▶ [Work instructions]: For each line of the listing that includes the word "pitch", show the whole line.

▶ [Records for the task]:
..............................

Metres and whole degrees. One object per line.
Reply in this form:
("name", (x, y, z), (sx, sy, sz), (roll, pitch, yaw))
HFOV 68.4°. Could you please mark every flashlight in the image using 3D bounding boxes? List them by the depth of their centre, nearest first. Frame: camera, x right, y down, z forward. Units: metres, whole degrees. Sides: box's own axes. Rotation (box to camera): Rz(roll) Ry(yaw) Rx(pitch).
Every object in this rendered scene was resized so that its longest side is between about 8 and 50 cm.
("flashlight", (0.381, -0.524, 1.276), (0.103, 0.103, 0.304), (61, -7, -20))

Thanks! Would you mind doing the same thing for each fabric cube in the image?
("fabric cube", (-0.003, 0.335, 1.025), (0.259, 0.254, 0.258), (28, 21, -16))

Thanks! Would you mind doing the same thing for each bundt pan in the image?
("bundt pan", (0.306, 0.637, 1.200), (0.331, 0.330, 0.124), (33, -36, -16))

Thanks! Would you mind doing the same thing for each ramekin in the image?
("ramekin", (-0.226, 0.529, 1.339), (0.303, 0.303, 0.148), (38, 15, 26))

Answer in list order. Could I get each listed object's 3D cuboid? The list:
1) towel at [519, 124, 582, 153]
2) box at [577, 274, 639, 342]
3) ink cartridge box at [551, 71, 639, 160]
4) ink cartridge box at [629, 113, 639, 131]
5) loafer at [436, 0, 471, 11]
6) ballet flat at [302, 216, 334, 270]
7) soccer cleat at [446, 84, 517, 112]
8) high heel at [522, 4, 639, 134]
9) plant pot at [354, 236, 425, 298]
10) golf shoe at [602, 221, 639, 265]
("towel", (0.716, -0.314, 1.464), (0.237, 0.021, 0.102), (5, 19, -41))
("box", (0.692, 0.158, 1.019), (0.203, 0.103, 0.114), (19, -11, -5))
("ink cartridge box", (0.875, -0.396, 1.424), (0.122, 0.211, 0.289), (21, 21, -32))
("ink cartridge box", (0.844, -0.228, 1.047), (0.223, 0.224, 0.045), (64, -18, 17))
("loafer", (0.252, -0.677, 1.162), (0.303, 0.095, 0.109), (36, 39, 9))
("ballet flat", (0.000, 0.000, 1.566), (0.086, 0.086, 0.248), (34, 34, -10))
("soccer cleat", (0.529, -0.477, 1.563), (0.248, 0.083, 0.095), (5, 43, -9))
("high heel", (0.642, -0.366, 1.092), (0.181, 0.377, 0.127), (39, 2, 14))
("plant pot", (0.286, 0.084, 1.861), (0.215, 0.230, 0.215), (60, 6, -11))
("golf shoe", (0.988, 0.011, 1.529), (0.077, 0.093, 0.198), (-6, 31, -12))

..............................

▶ [Response area]:
("name", (x, y, z), (sx, sy, sz), (roll, pitch, yaw))
HFOV 68.4°. Could you please mark every flashlight in the image using 3D bounding boxes? List them by the depth of their centre, nearest first. Frame: camera, x right, y down, z forward. Units: metres, whole degrees. Sides: box's own axes. Rotation (box to camera): Rz(roll) Ry(yaw) Rx(pitch).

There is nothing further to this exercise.